Performance tier 1: Three Celeron N5100 nodes (4C/4T) with 16GB of RAM, a 250GB SATA boot/OS SSD, and a 1TB PCIe 3.0 NVMe SSD for distributed cluster storage. These nodes are my control plane, and take workloads as capacity allows. These nodes are split across three power zones.
Performance tier 2:
- One Ryzen 1700 node (8C/16T) with 32GB of RAM, a 250GB SATA boot/OS SSD, and a 1TB PCIe 3.0 NVMe SSD for distributed cluster storage
- One Ryzen 5700U node (8C/16T) with 32GB of RAM, a 250GB PCIe 3.0 NVMe boot/OS SSD, and a 1TB PCIe 3.0 NVMe SSD for distributed cluster storage
- One Core i7-13700 node (16C/24T) with 64GB of RAM, a 250GB PCIe 3.0 NVMe boot/OS SSD, and a 2TB PCIe 4.0 NVMe SSD for distributed cluster storage, plus an Intel Arc A750 for video decoding These nodes take the majority of the workload and are split across three power zones.
Performance tier 3: Four Raspberry Pi 4B (4C/4T) with 4GB of RAM and a 500GB USB 3.0 SSD boot drive, currently unused for cluster storage. Small workloads are scheduled to these nodes. All nodes are in one power zone, powered by one plug.
A NAS with a Celeron J3160, 2GB of RAM, and 32TB (4x8GB) of raw spindle disk storage in RAID5 (24TB usable).

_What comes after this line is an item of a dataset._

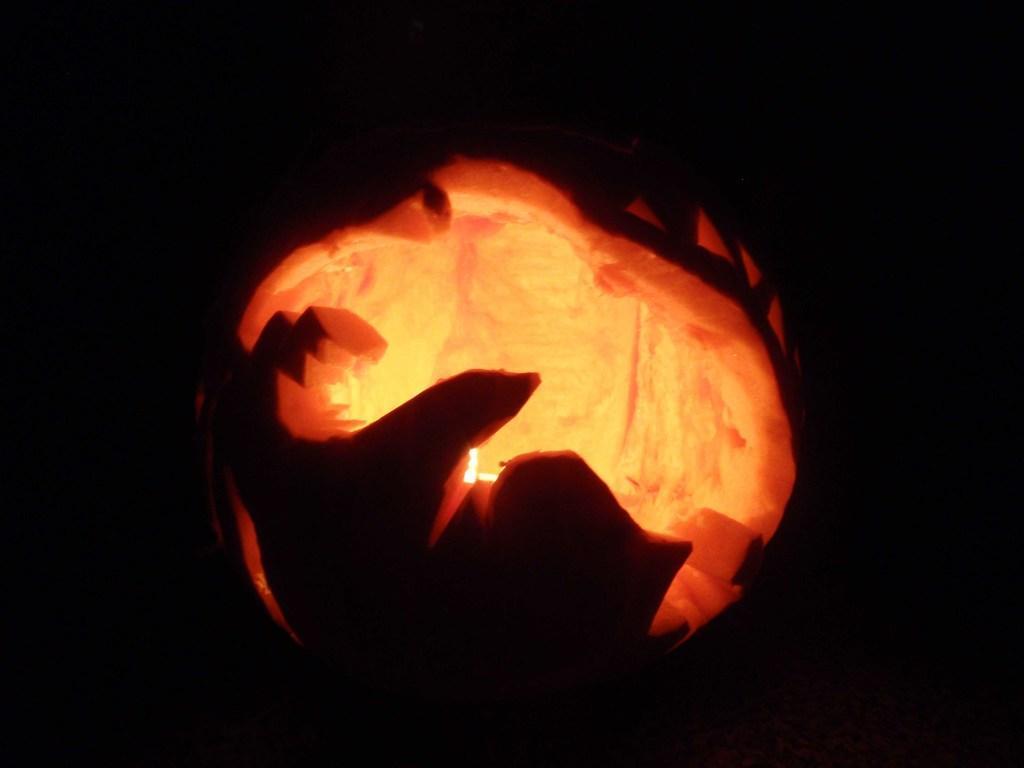In one or two sentences, can you explain what this image depicts? In the middle of the picture, we see a carved pumpkin. It is black in the background and this picture might be clicked in the dark. 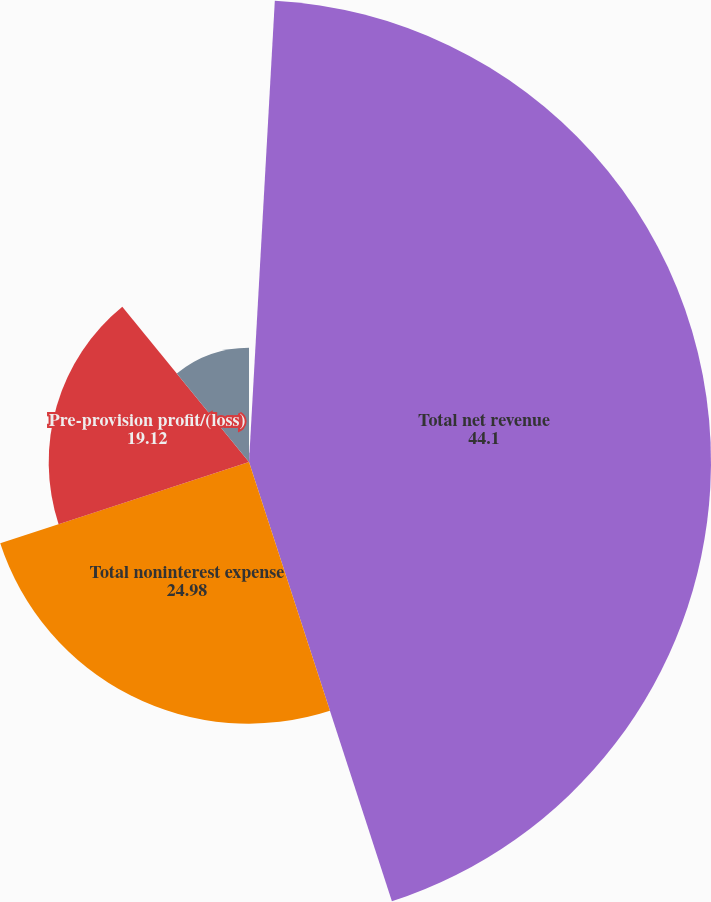Convert chart. <chart><loc_0><loc_0><loc_500><loc_500><pie_chart><fcel>(in millions except ratios)<fcel>Total net revenue<fcel>Total noninterest expense<fcel>Pre-provision profit/(loss)<fcel>Net income/(loss)<nl><fcel>0.89%<fcel>44.1%<fcel>24.98%<fcel>19.12%<fcel>10.9%<nl></chart>

All of this is connected to a Mikrotik RB4011 via gigabit links (with the Raspberry Pis sharing a single gigabit link)

Future considerations

Some upgrades that I’m considering making:

Upgrade the networking for the x86-64 nodes to 2.5GbE. All except the Ryzen 1700 node already support it natively, so the upgrade would involve a new router or 2.5GbE switch and a 2.5GbE NIC for the Ryzen 1700 node
Upgrade the CPU in the Ryzen 1700 (Zen 1) node to a Ryzen 5700X (Zen 3) now that the motherboard supports it; same core count but much improved IPC and memory bandwidth
Upgrade memory in the Ryzen 1700 and Ryzen 5700U nodes to 64GB
Upgrade SSDs in all x86-64 cluster nodes (except the Core i7 box which already has it) to 2TB; Rook-Ceph has been complaining about imbalances due to the larger SSD in the Core i7 box
Upgrade the NAS to a newer model with 2x2.5GbE ports (5x improvement in network bandwidth) and the capability to add NVMe SSDs for caching (the 1TB SSDs in the x86-64 nodes would go to this effort)
Upgrade the memory in the Celeron nodes to 32GB. I’m not sure I will do this one, because I’m not convinced of the necessity from a CPU/RAM balance perspective based on current cluster utilization

If you’re still awake, thanks for sticking with me. This has really been quite the journey over the last four years and I’m really quite happy and proud of the current state of the lab from a hardware perspective, the above upgrades notwithstanding.